An understanding of the molecular basis for amebic adherence may provide insight into the pathogenesis of invasive disease and a possible basis for the design of interventions that would disrupt amebic attachment and cytolysis. For instance, delineating the carbohydrate-binding capacity of the E. histolytica Gal/GalNAc lectin may facilitate the rational design of recombinant protein or DNA vaccines (33). To date, there has been no direct evidence supporting the assumption that the heavy subunit of the Gal/GalNAc lectin contains the carbohydrate-binding domain(s). In this study, we have localized the carbohydrate-binding domains of the E. histolytica Gal/GalNAc lectin to CR1 of the heavy subunit. This is the first direct evidence that the cysteine-rich region of the 170-kDa subunit is sufficient for high-affinity carbohydrate binding.
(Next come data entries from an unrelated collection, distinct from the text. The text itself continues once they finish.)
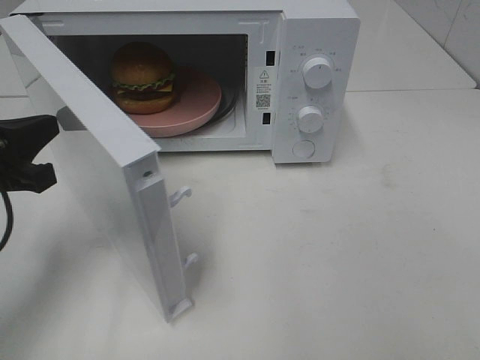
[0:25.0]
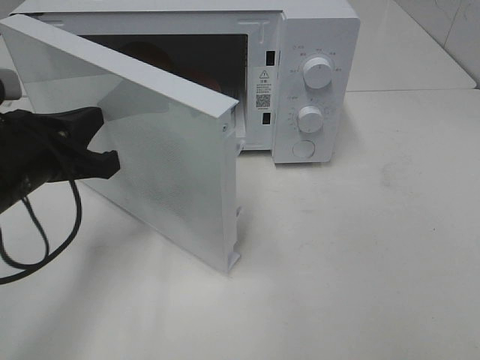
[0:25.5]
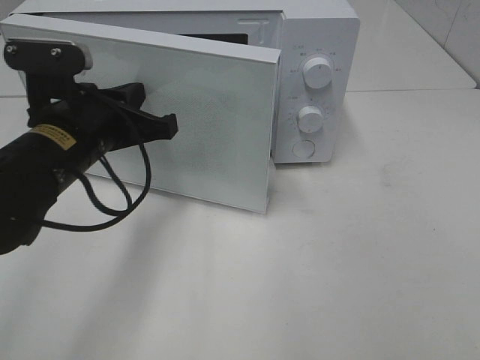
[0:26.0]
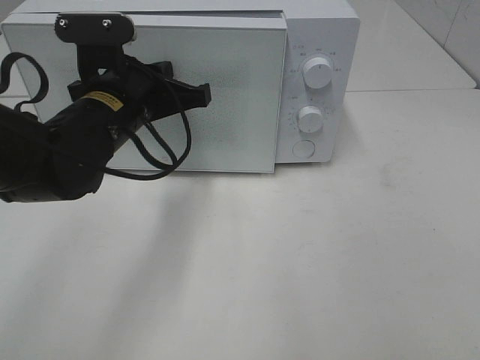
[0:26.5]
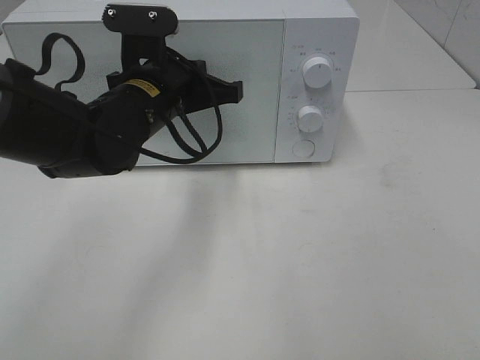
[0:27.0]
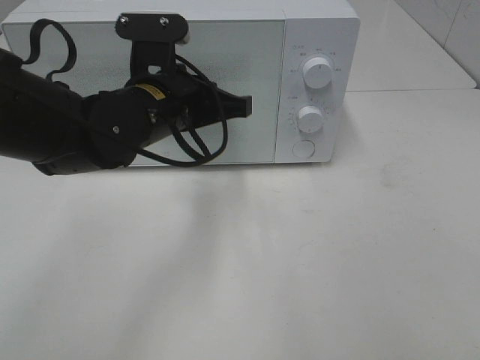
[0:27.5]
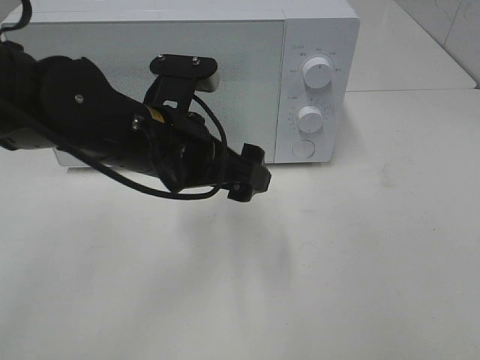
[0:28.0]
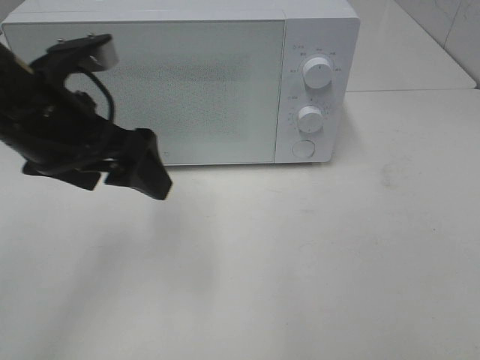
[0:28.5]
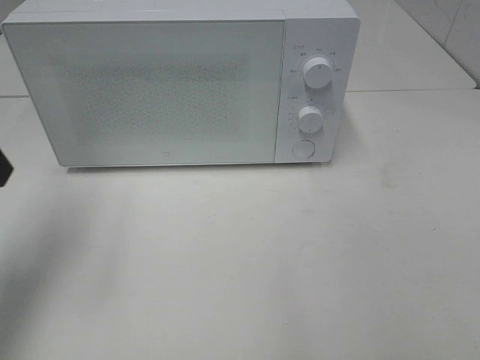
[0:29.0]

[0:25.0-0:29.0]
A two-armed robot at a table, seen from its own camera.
Task of the whole recording: Heat the burger.
Step, 0:25.0 to 0:27.5: Left hand: close the microwave door.
0:25.0 to 0:27.0: The left gripper heads to the right and forward, covering roughly 20 cm.
0:27.0 to 0:29.0: The left gripper heads to the left, upward and backward, covering roughly 25 cm, and opens its fingers.

The in vitro-synthesized Gal/GalNAc lectin heavy subunit was specifically recognized by anti-lectin MAbs that bind linear epitopes (1G7 and 8A3), in agreement with previous observations that 1G7 and 8A3 recognize bacterially produced recombinant fragments of the 170-kDa subunit when reduced and denatured (12). PDI treatment of the translated heavy subunit improves its immunoreactivity with the putative conformationally-dependent anti-lectin MAb, 3F4, suggesting that it has been folded into a more native conformation. The folding catalyst PDI has been previously used to achieve functional native proteins following in vitro synthesis (7, 27). Binding studies using ³⁵S-labeled FL and CR Hgl2 indicated that millimolar concentrations of the monosaccharide galactose was able to specifically inhibit binding to CHO cells. Moreover, purified native hololectin competed binding of ³⁵S-lectin to CHO cells in a dose-dependent fashion. The fragment containing residues 1 to 353 failed to bind CHO cells in a galactose-dependent manner. These results suggested that PDI-refolded FL and CR Hgl2 are functional.
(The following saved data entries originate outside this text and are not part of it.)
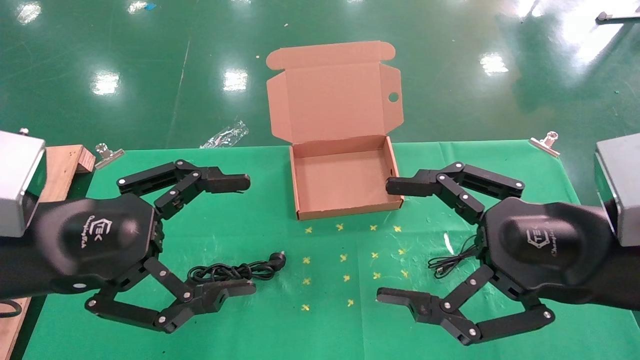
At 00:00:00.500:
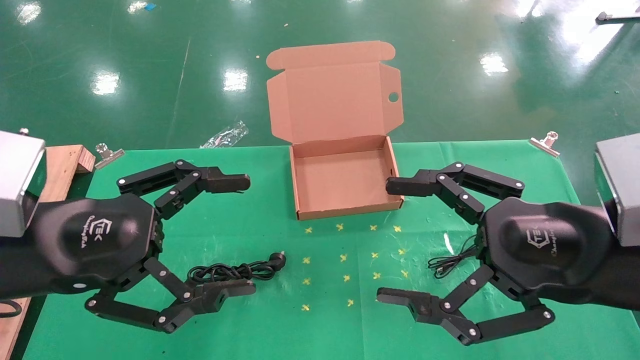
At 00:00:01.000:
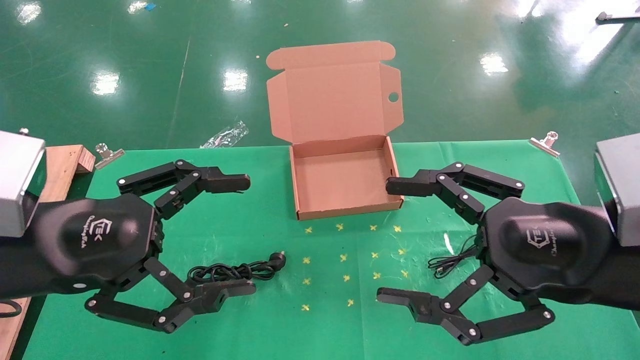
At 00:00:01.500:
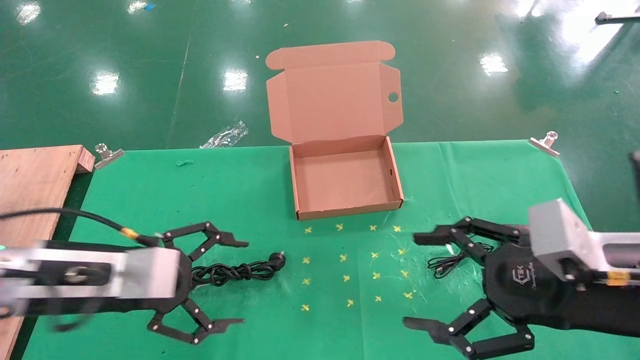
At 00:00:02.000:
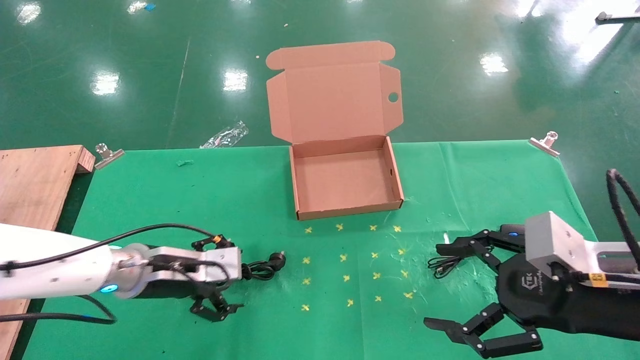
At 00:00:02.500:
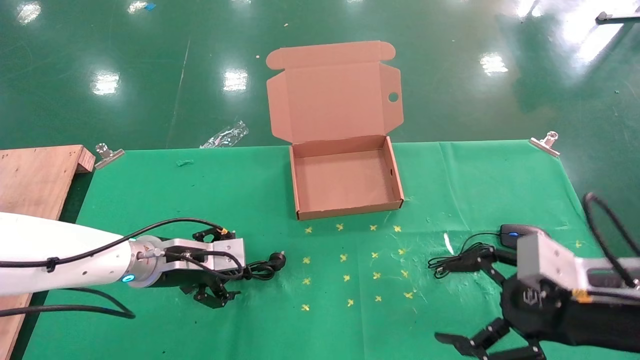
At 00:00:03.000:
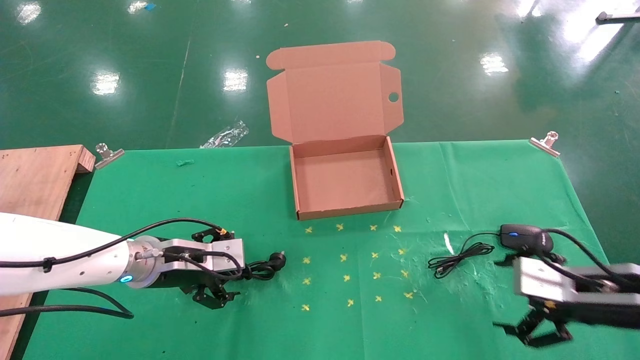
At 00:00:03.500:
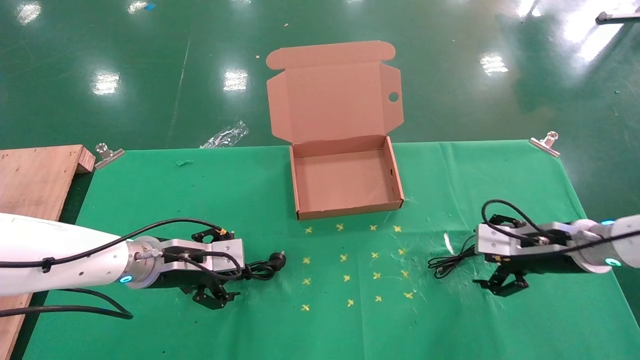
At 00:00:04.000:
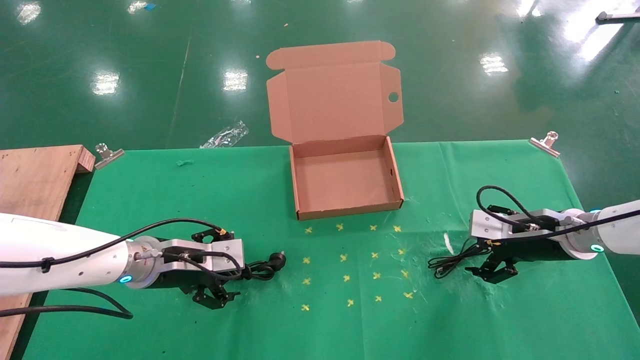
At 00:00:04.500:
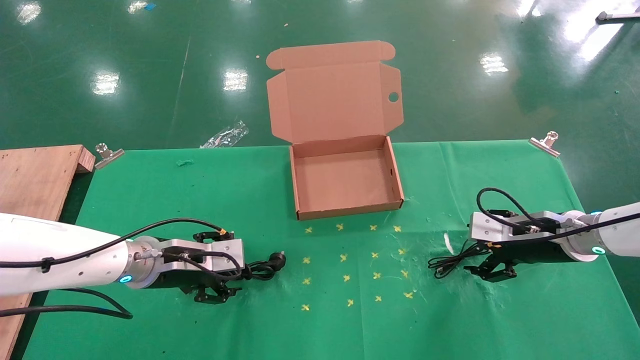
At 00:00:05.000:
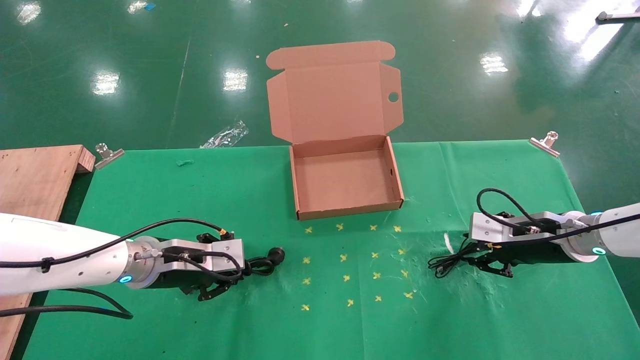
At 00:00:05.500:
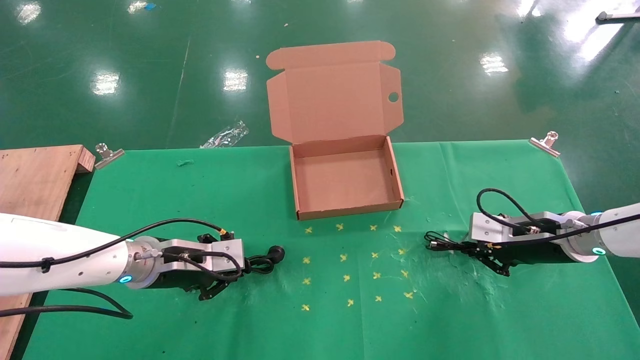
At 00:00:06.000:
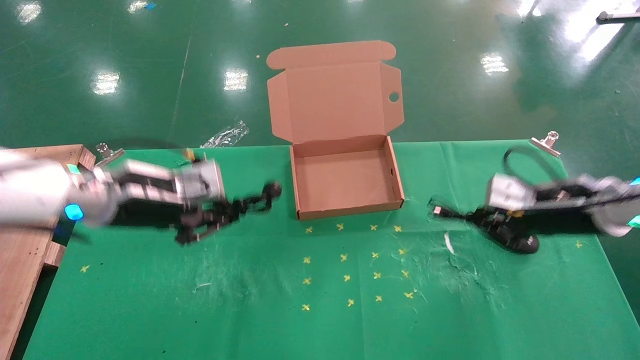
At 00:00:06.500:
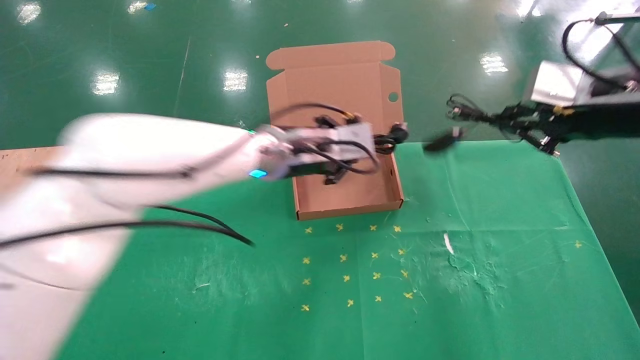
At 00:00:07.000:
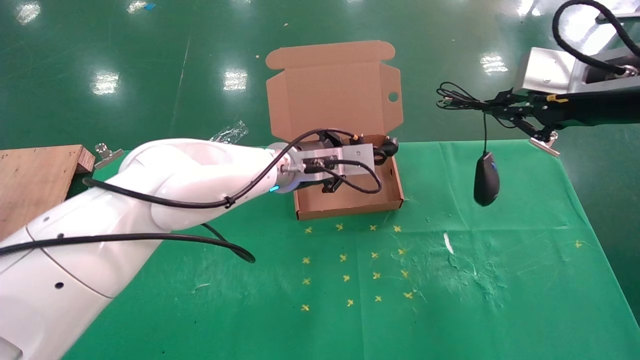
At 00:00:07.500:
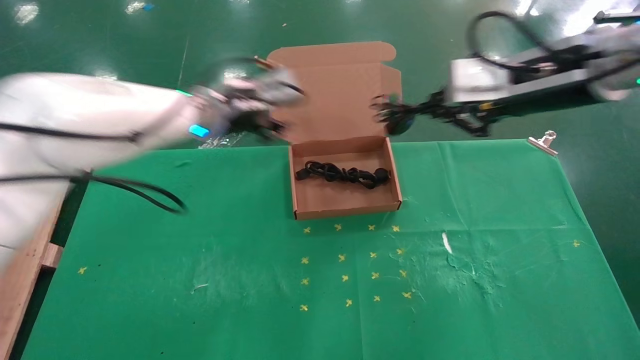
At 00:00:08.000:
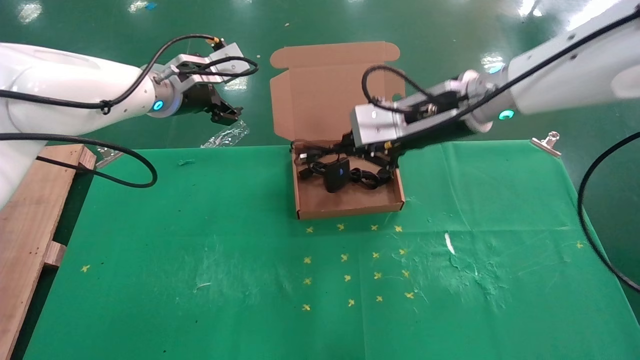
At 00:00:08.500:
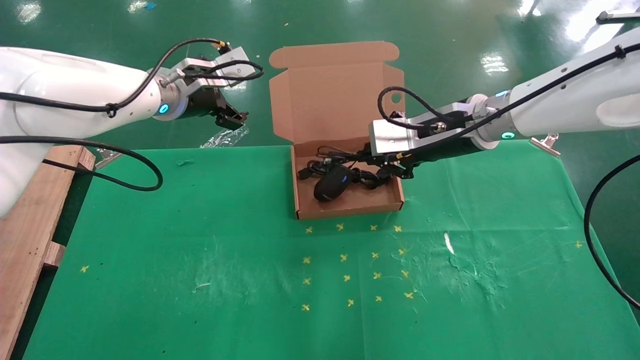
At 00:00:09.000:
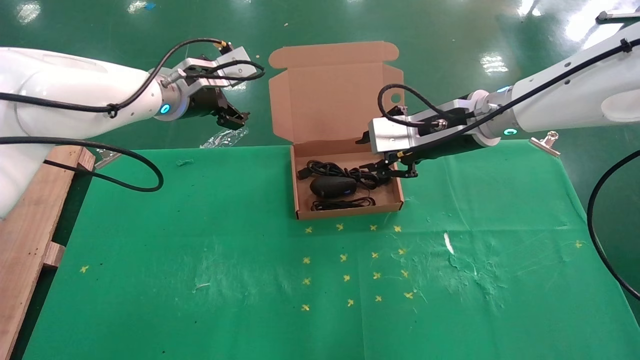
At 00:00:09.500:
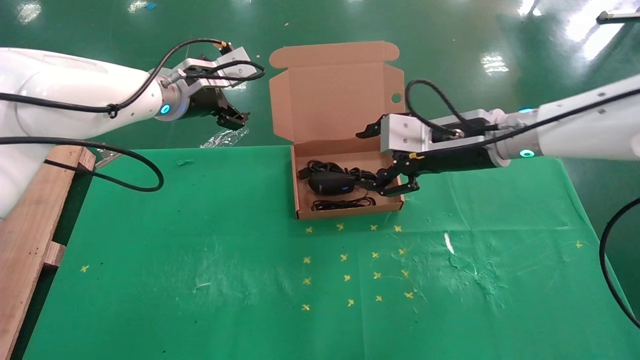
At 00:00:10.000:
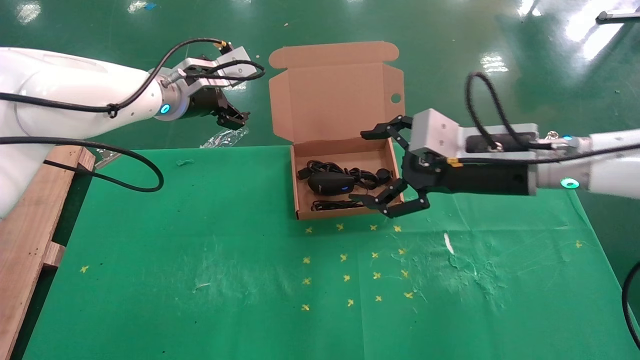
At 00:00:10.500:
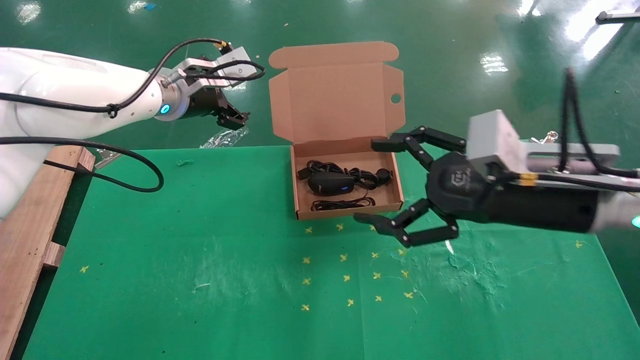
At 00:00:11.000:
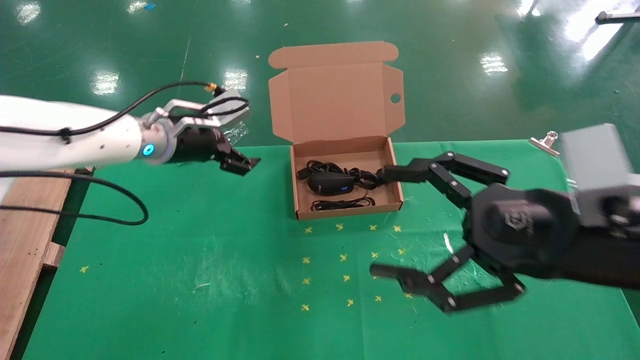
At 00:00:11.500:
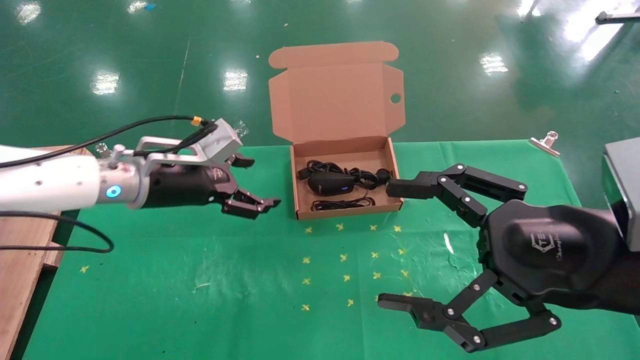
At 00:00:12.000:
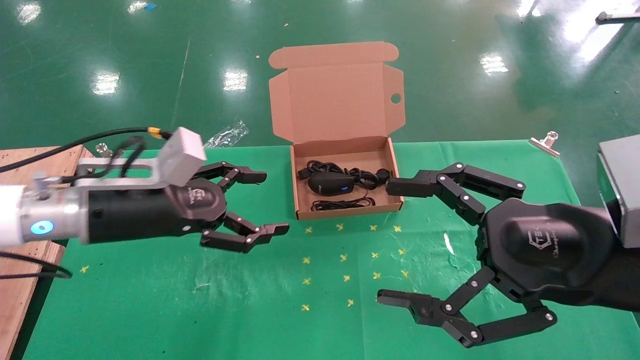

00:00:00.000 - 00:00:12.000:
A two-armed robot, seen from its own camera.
Task of the whole recording: grasp data cable left put into box grasp mouse right put into box.
Step, 00:00:01.500 - 00:00:05.500: Simultaneously pick up the mouse and power cord from the accessory packaging area.
Step, 00:00:06.000 - 00:00:09.000: Place the mouse and power cord into the box.
00:00:00.000 - 00:00:02.000: The left gripper goes some 20 cm forward and downward, while the right gripper moves downward, approximately 5 cm.
00:00:02.000 - 00:00:04.000: The right gripper is displaced forward by some 20 cm.
00:00:04.000 - 00:00:06.000: The two grippers go about 10 cm upward. The right gripper closes. The left gripper closes.
00:00:06.000 - 00:00:08.000: The right gripper is displaced to the left and upward by roughly 20 cm, while the left gripper travels forward and upward by approximately 15 cm, goes to the right and returns, approximately 15 cm each way, and opens its fingers.
00:00:08.000 - 00:00:10.000: The right gripper goes about 10 cm downward and backward, and opens.
00:00:10.000 - 00:00:12.000: The right gripper goes some 15 cm backward; the left gripper heads backward and downward, covering roughly 20 cm.

To confirm and extend these observations, a more potent multivalent ligand was evaluated. Previous studies using glyconeoconjugates have shown that they bind E. histolytica membranes with high affinity (K_D = 10 ± 3 nM), and this is likely due to the clustered arrangement of the multiple GalNAc residues present on the glyconeoconjugate (1). GalNAc₃₉BSA was able to inhibit binding of E. histolytica membranes to the same radioligand at 200,000-fold-lower concentrations than GalNAc alone (1). Here we show that in vitro-synthesized FL, CR1, and CR2 Hgl2 bind to GalNAc₁₉BSA in a GalNAc-specific manner. Equivalent amounts of radiolabeled firefly luciferase or samples from control translation reactions (no added lectin mRNA) synthesized in identical fashion did not bind GalNAc₁₉BSA. Binding of FL and CR1 Hgl2 to the glyconeoconjugate occurred with the same maximal activity, suggesting that CR2 Hgl contains all carbohydrate-binding activity. However, the smaller CR2 fragment bound with lower maximal activity, suggesting that residues between 356 and 480 and between 900 to 1143 contribute to high-affinity carbohydrate binding. Binding of CR1 was concentration dependent, appeared to be saturable, and was specifically inhibited by asialofetuin. The terminal GalNAc-containing glycoprotein asialofetuin (IC₅₀ of ~30 µM) binds to E. histolytica membrane-bound lectin but with lower affinity than glyconeoconjugates like GalNAc₃₉BSA (IC₅₀ = 0.005 µM) (1). Additionally, commercial preparations of asialofetuin are often incompletely desialylated and may therefore contribute to incomplete inhibition by this compound. The binding affinity seen for CR1 Hgl2 (K_D = 0.85 ± 0.37 pM) was similar to that observed for the native lectin resident on amebic membranes when bound to mucin (K_D = 8.2 × 10¹¹ M), a naturally occurring glyconeoconjugate found in the human colon (4). These data are consistent with distant residues contained within CR1 Hgl2 contributing to high-affinity sugar binding conferred by the Gal/GalNAc lectin and may explain prior conflicting evidence about the location of a carbohydrate-binding domain (10, 11). The experimental strategy presented here provides a useful alternative approach to further delineating the carbohydrate-binding capacity of the 170-kDa subunit.